Have you been heating the trailer? We found when the outside temperatures got down around freezing, there was some condensation under the mattress at the outside corners. We were never heating it for more than a couple of days at a time, so it dried out quickly, but if it was heated continuously, the moisture would become significant.

Our back wall of the slide has been "loose" since new, but hasn't changed and seemed like it was supposed to be like that. It seems like it's a different construction than the rest of the trailer. I'll be interested to hear what happens with yours, and if it's supposed to be loose.


----------



## Bearhog (Feb 10, 2011)

Yes, please let us know what you find out. I'm picking up my 250RS tomorrow after going back for replacement of the entry doors and the "underbelly" of the rear slide. Its a very thick sheet of black vinyl under the rear slide to protect it from the elements while extended. ours was loose on the interior end and was "wavey" throughout.. I'm a little on the nutty side when it comes to looking for leaks in TT's. I sometimes see them when they arent there.









Best of luck with this


----------



## dsx2in92 (Mar 3, 2011)

CampingStan said:


> We purchased a 2011 Outback 250RS last fall. We have noticed water stains under the mattress in the rear slide as well as a bulge starting to develope on the outside of the rear slide back wall. We went by the dealership today and they could not find any source for the leak. They are going to turn in a warrenty claim to Outback to repair the outside buldge and hope that when its removed it may reveal the water problem. Has anyone had a similar issue?
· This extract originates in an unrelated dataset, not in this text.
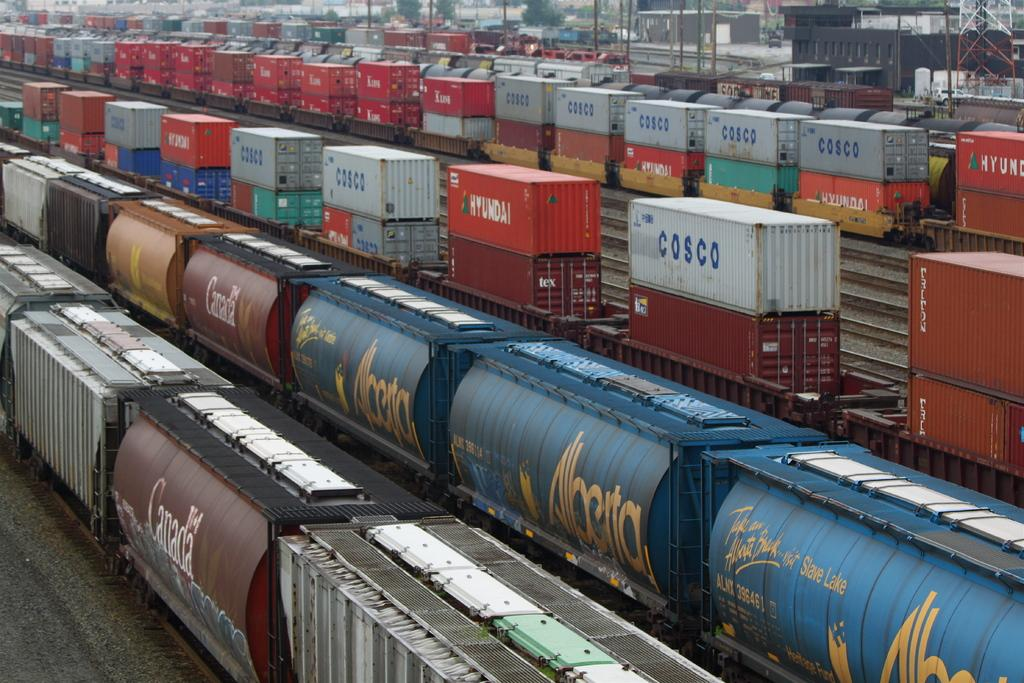<image>
Relay a brief, clear account of the picture shown. the word cosco is on the white item

We just picked up our 10th anniversary 250RS after upgrading from our Coleman Mesa Tent trailer. We have had the new outback in our laneway for a week now. While taking off the mattress plastic cover my wife noticed a stain on the plywood in the rear door side of the rear slide. It was dry to the touch but definatley was stained. I brought it up to our dealer. They told us to keep an eye on it. I am very interested if you here anything!


----------



## DeWayneT (Dec 6, 2011)

Hi
I also have the same problem with my 2011 Outback 250RS. My water stain, actually its wet, is in the lower right rear of the rear pull out, under the mattress. Have you found out anything yet?

Thanks


----------



## Fred (May 16, 2011)

I purchased my new 210RS in March of 2011. When I brought it home, I noticed a damp water stain under the corner of the bed one one side of the slide-out. I notified the dealer but repaired it on my own. On the outside of the slide-out, where there are brackets with many screws, Gilligan didn't thoroughly cover the screws with silicone sealant. I assume that was the problem as when I re-sealed them, water never got into the trailer again. Hope yours is as easy a fix as mine was.


----------